*REQUIRED ACTION:* Exact reproduction of all the entries is required, without any of their pictures.

○ ○ ○ ○

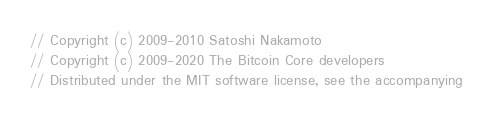<code> <loc_0><loc_0><loc_500><loc_500><_C++_>// Copyright (c) 2009-2010 Satoshi Nakamoto
// Copyright (c) 2009-2020 The Bitcoin Core developers
// Distributed under the MIT software license, see the accompanying</code> 
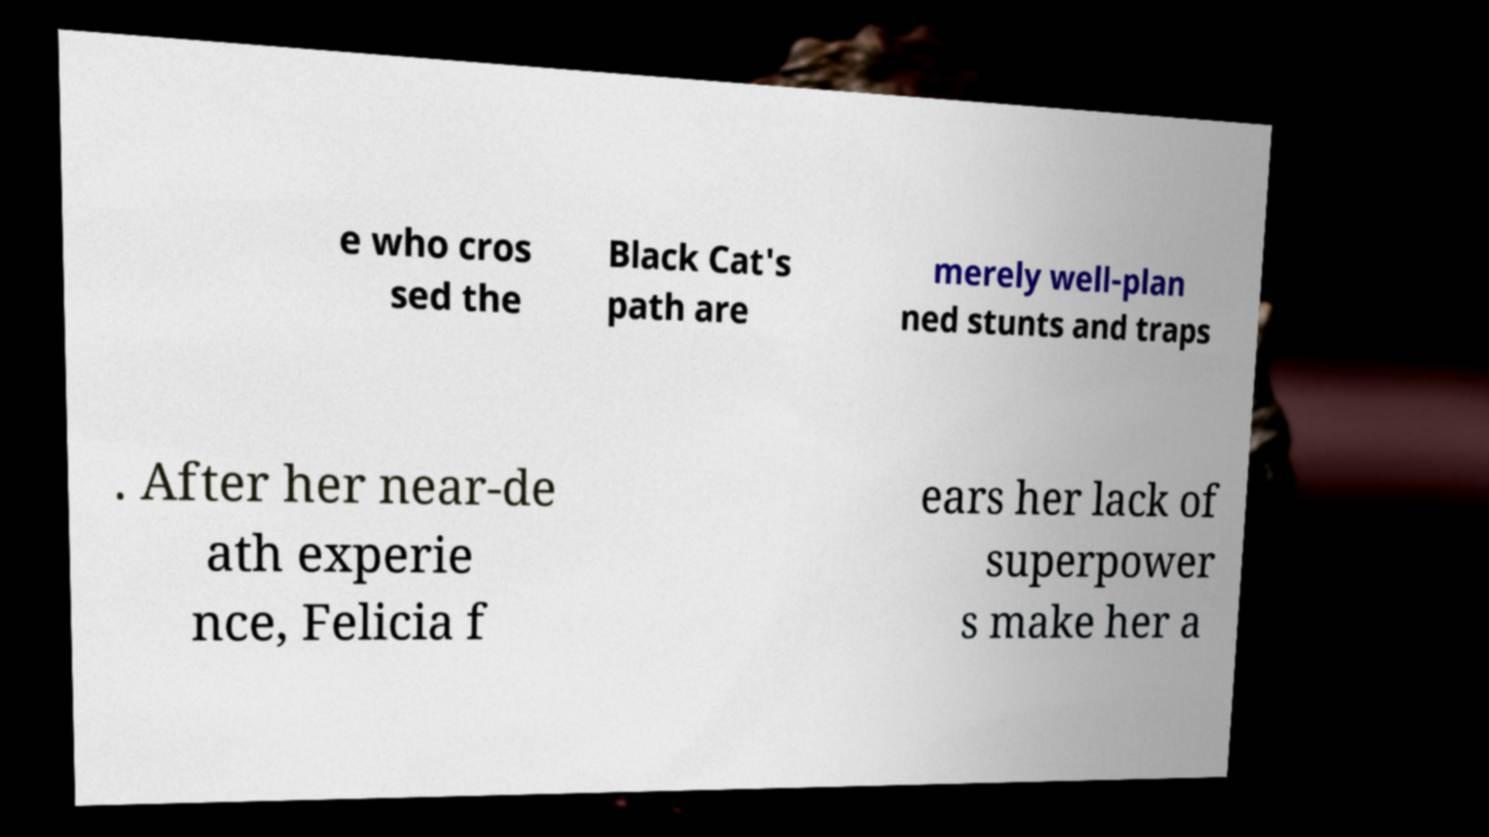There's text embedded in this image that I need extracted. Can you transcribe it verbatim? e who cros sed the Black Cat's path are merely well-plan ned stunts and traps . After her near-de ath experie nce, Felicia f ears her lack of superpower s make her a 
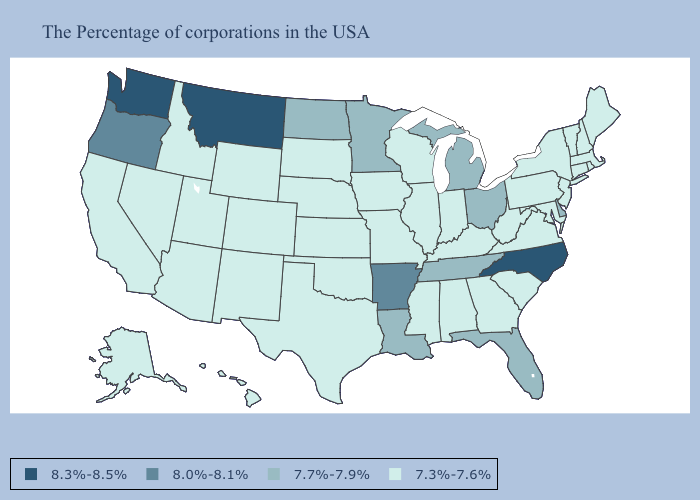Among the states that border Utah , which have the highest value?
Concise answer only. Wyoming, Colorado, New Mexico, Arizona, Idaho, Nevada. Does Missouri have a higher value than Mississippi?
Answer briefly. No. What is the value of Alabama?
Write a very short answer. 7.3%-7.6%. Name the states that have a value in the range 7.3%-7.6%?
Quick response, please. Maine, Massachusetts, Rhode Island, New Hampshire, Vermont, Connecticut, New York, New Jersey, Maryland, Pennsylvania, Virginia, South Carolina, West Virginia, Georgia, Kentucky, Indiana, Alabama, Wisconsin, Illinois, Mississippi, Missouri, Iowa, Kansas, Nebraska, Oklahoma, Texas, South Dakota, Wyoming, Colorado, New Mexico, Utah, Arizona, Idaho, Nevada, California, Alaska, Hawaii. Among the states that border South Dakota , does North Dakota have the lowest value?
Be succinct. No. What is the lowest value in the USA?
Give a very brief answer. 7.3%-7.6%. Does Louisiana have a lower value than Nebraska?
Short answer required. No. Does Washington have a lower value than Wyoming?
Short answer required. No. Is the legend a continuous bar?
Answer briefly. No. What is the lowest value in states that border Colorado?
Keep it brief. 7.3%-7.6%. Name the states that have a value in the range 8.3%-8.5%?
Keep it brief. North Carolina, Montana, Washington. Does the map have missing data?
Give a very brief answer. No. Which states hav the highest value in the West?
Quick response, please. Montana, Washington. Name the states that have a value in the range 8.3%-8.5%?
Be succinct. North Carolina, Montana, Washington. Among the states that border South Dakota , does Nebraska have the lowest value?
Keep it brief. Yes.

○ ○ ○ ○

*RESULT BELOW:*
<code> <loc_0><loc_0><loc_500><loc_500><_C++_>// Copyright (c) 2009-2010 Satoshi Nakamoto
// Copyright (c) 2009-2020 The Bitcoin Core developers
// Distributed under the MIT software license, see the accompanying</code> 
There's text embedded in this image that I need extracted. Can you transcribe it verbatim? e who cros sed the Black Cat's path are merely well-plan ned stunts and traps . After her near-de ath experie nce, Felicia f ears her lack of superpower s make her a 
Among the states that border Utah , which have the highest value?
Concise answer only. Wyoming, Colorado, New Mexico, Arizona, Idaho, Nevada. Does Missouri have a higher value than Mississippi?
Answer briefly. No. What is the value of Alabama?
Write a very short answer. 7.3%-7.6%. Name the states that have a value in the range 7.3%-7.6%?
Quick response, please. Maine, Massachusetts, Rhode Island, New Hampshire, Vermont, Connecticut, New York, New Jersey, Maryland, Pennsylvania, Virginia, South Carolina, West Virginia, Georgia, Kentucky, Indiana, Alabama, Wisconsin, Illinois, Mississippi, Missouri, Iowa, Kansas, Nebraska, Oklahoma, Texas, South Dakota, Wyoming, Colorado, New Mexico, Utah, Arizona, Idaho, Nevada, California, Alaska, Hawaii. Among the states that border South Dakota , does North Dakota have the lowest value?
Be succinct. No. What is the lowest value in the USA?
Give a very brief answer. 7.3%-7.6%. Does Louisiana have a lower value than Nebraska?
Short answer required. No. Does Washington have a lower value than Wyoming?
Short answer required. No. Is the legend a continuous bar?
Answer briefly. No. What is the lowest value in states that border Colorado?
Keep it brief. 7.3%-7.6%. Name the states that have a value in the range 8.3%-8.5%?
Keep it brief. North Carolina, Montana, Washington. Does the map have missing data?
Give a very brief answer. No. Which states hav the highest value in the West?
Quick response, please. Montana, Washington. Name the states that have a value in the range 8.3%-8.5%?
Be succinct. North Carolina, Montana, Washington. Among the states that border South Dakota , does Nebraska have the lowest value?
Keep it brief. Yes.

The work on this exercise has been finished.